Things didn't stay physical though, the second time it happened, we were in the car on the way to work. He was driving my car (because he had to be in control), and he needed a job, so I had gotten him one at the store I managed at the mall. I don't remember why, but something I said angered him that morning and he pushed me hitting my head on the car window. I freaked out. All I could think about was the fact I had nowhere to go. We were on the interstate going probably over 70 mphs and I was stuck. I arrived to work visibly shaken and tried to play it off to one of the sales girls that worked with me. Thankfully, it was the last time he was ever physical because I think at he realized that was a boundary he couldn't cross with me and keep me as a friend.
The friendship lasted 8 years and even though the physical abuse didn't continue, the emotional abuse he put me through was excruciating. I don't always remember a lot of the specifics because after the friendship was over, I got healing. I had a few spiritual experiences which allowed me to let go, and for me letting go means actually releasing, so I can talk about the things I do remember now, but there's no emotional garbage attached.

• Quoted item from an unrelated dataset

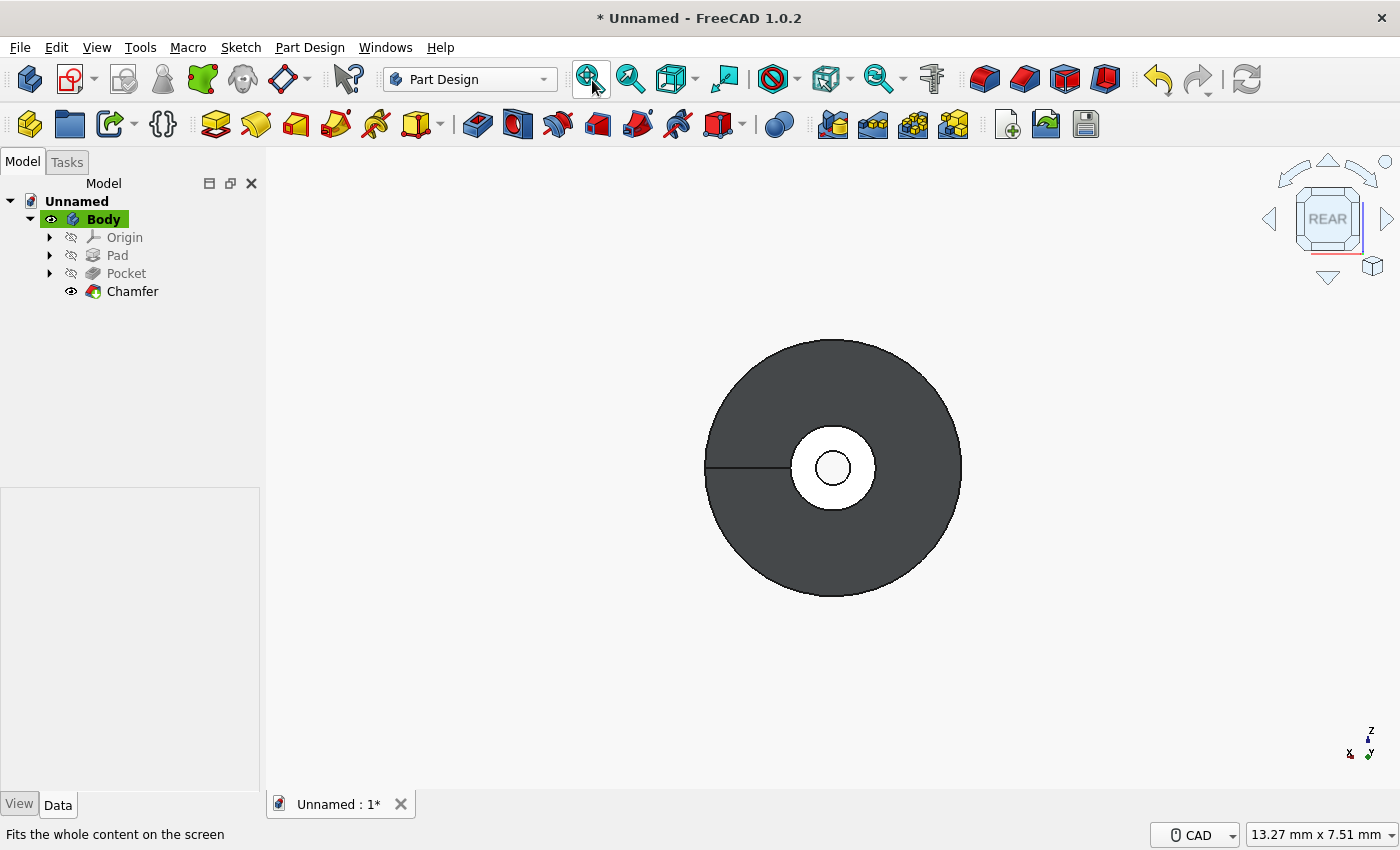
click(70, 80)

Part of the reason I started this blog was because I felt like it was time to tell the story of what I went through with this friend because I believe my story can help others. It's not about shaming the person, which is why I won't ever use his real name, but it's about helping someone else move on and heal. Sometimes, in the midst of abuse it's hard to see we are being abused, but we know something isn't right. It's when we distance ourselves from it or have the chance to be delivered from it, we gain a better perspective and can see more clearly. Things in this life may be rough, but there is always hope and change can happen if we let it. I am living proof of that.